= PROBLEM =
Look through the entries below and extract exactly the lines from the one containing "10) board game box [492,0,537,13]" through the one containing "15) hammer and peg toy [211,305,353,405]", ends included.

(SOURCE RECORDS)

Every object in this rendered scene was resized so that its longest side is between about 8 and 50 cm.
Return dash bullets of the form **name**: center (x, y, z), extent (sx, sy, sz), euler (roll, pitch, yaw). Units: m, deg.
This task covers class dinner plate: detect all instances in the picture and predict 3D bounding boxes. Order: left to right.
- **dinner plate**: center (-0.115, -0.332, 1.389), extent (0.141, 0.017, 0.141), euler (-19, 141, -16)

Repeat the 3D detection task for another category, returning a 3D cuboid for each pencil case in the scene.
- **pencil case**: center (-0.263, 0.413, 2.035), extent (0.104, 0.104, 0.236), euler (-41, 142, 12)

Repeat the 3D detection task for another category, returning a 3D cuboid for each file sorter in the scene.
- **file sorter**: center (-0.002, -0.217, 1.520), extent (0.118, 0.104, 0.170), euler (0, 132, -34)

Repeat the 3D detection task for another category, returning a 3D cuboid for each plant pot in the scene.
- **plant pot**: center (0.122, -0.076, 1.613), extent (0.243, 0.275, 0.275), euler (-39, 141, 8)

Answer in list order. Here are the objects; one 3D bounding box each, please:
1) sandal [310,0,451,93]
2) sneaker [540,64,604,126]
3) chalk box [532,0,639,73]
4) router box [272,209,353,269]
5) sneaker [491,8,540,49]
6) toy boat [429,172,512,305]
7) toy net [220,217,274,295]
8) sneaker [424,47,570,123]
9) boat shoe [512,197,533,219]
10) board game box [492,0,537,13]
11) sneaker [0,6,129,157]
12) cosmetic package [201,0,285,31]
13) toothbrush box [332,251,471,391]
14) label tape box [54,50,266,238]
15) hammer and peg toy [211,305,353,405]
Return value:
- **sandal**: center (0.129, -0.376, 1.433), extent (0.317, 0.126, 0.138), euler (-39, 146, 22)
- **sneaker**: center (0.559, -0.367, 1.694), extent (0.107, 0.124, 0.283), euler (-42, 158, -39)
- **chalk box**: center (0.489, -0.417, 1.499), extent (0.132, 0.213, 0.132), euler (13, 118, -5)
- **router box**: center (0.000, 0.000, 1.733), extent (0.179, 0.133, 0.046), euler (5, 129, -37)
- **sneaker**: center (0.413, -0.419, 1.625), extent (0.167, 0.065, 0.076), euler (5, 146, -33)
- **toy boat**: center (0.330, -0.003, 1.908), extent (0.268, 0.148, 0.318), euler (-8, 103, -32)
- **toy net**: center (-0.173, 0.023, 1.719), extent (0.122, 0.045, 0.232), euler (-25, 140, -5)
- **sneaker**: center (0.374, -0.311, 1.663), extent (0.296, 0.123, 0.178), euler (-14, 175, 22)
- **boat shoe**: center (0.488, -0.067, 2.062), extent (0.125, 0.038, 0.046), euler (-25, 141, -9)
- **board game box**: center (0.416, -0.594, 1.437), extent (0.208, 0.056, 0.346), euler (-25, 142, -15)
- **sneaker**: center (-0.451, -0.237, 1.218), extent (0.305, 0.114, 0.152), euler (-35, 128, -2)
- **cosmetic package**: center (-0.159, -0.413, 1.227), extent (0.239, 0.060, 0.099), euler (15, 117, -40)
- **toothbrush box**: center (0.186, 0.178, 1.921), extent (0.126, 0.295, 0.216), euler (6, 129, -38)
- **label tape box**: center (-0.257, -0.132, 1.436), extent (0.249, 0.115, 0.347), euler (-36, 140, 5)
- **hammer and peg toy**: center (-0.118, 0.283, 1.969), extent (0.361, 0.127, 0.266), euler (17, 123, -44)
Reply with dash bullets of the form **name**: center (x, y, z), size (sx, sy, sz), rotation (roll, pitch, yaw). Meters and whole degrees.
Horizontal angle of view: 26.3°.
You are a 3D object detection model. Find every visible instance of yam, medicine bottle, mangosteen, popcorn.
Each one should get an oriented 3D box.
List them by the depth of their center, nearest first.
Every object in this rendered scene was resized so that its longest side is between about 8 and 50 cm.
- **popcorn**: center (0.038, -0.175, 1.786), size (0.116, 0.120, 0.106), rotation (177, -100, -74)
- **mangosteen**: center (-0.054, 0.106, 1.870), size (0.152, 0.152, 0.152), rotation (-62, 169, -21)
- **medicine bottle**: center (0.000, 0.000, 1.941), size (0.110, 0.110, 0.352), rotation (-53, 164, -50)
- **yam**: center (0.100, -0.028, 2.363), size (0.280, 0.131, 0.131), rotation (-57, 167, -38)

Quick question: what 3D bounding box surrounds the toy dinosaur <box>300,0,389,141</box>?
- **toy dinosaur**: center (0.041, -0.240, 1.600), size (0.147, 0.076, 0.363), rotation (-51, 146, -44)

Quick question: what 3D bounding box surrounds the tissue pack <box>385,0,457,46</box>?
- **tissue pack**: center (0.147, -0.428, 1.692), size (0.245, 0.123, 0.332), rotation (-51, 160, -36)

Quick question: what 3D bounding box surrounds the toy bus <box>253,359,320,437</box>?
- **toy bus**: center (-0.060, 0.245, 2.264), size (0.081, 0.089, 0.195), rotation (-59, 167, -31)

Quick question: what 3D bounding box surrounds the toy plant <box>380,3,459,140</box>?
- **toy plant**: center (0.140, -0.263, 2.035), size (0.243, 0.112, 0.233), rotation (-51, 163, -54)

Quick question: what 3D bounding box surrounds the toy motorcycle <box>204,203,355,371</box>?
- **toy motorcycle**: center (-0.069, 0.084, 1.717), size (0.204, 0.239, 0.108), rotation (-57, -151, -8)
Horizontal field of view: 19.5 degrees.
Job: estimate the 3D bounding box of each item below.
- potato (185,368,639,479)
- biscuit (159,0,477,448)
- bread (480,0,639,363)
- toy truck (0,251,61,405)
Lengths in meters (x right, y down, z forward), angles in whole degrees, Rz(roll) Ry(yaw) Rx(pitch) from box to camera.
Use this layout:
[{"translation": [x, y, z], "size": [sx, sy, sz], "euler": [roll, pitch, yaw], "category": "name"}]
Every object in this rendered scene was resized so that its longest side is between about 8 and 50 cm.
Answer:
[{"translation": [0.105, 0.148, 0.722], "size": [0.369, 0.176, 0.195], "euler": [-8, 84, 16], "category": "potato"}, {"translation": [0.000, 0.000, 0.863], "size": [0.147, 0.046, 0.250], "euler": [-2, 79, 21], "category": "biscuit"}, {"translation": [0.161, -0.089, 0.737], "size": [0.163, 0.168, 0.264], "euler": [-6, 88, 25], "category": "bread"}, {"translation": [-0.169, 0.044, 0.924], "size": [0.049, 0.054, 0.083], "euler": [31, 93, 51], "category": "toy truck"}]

(End SOURCE RECORDS)
(SOURCE RECORDS)

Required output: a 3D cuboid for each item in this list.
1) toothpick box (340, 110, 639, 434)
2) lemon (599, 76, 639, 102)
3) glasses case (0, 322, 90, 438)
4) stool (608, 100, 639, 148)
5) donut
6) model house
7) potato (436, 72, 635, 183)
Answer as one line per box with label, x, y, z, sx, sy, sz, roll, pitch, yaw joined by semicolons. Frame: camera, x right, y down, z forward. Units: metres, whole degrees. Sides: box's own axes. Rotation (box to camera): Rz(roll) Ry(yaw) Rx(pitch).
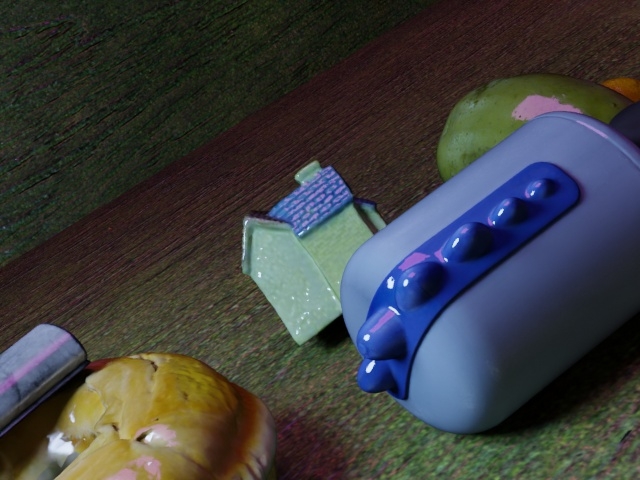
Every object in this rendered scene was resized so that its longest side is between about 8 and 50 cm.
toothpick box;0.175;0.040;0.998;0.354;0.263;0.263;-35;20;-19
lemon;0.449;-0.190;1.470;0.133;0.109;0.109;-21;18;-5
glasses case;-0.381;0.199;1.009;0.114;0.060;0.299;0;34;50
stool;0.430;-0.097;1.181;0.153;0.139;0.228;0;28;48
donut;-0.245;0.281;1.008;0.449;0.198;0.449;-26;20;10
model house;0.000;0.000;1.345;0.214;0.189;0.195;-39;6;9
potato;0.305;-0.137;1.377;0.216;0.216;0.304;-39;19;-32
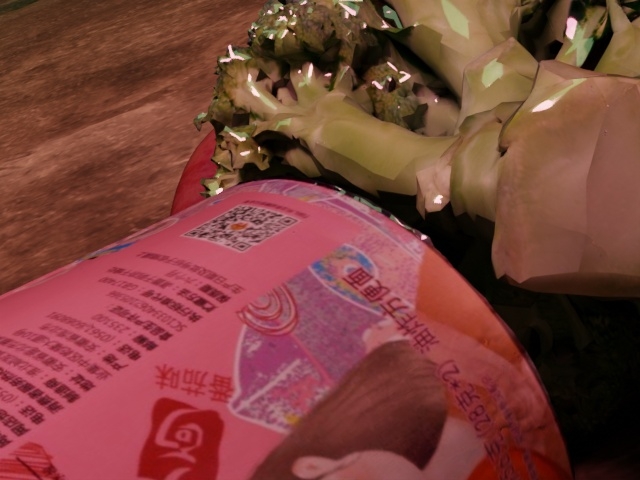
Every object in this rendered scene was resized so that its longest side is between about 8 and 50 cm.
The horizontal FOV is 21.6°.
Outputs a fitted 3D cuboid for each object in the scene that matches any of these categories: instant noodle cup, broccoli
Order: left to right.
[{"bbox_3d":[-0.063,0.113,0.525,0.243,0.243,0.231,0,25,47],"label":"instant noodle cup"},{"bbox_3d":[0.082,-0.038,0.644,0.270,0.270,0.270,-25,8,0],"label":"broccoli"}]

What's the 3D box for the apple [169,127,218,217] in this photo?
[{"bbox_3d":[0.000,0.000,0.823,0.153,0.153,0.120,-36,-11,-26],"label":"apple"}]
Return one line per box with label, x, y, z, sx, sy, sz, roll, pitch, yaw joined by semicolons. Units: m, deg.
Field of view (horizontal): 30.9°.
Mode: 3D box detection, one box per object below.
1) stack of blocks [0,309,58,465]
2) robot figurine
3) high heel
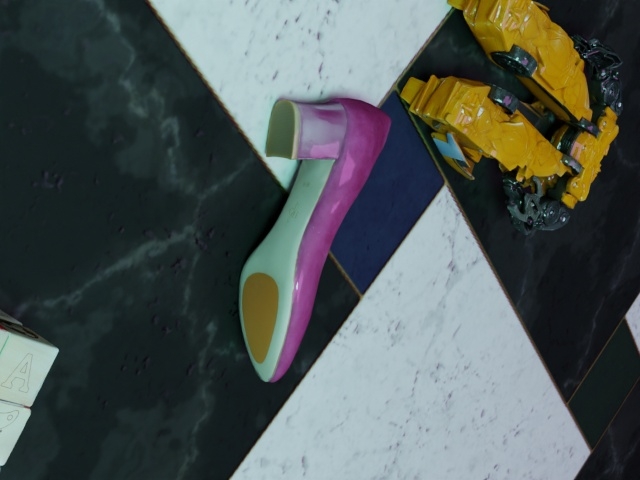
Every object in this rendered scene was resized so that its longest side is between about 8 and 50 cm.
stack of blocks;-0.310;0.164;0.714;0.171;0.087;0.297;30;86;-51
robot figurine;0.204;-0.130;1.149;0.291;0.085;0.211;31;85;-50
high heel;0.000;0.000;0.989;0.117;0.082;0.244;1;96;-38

(End SOURCE RECORDS)

= WRITTEN RESPONSE =
10) board game box [492,0,537,13]
11) sneaker [0,6,129,157]
12) cosmetic package [201,0,285,31]
13) toothbrush box [332,251,471,391]
14) label tape box [54,50,266,238]
15) hammer and peg toy [211,305,353,405]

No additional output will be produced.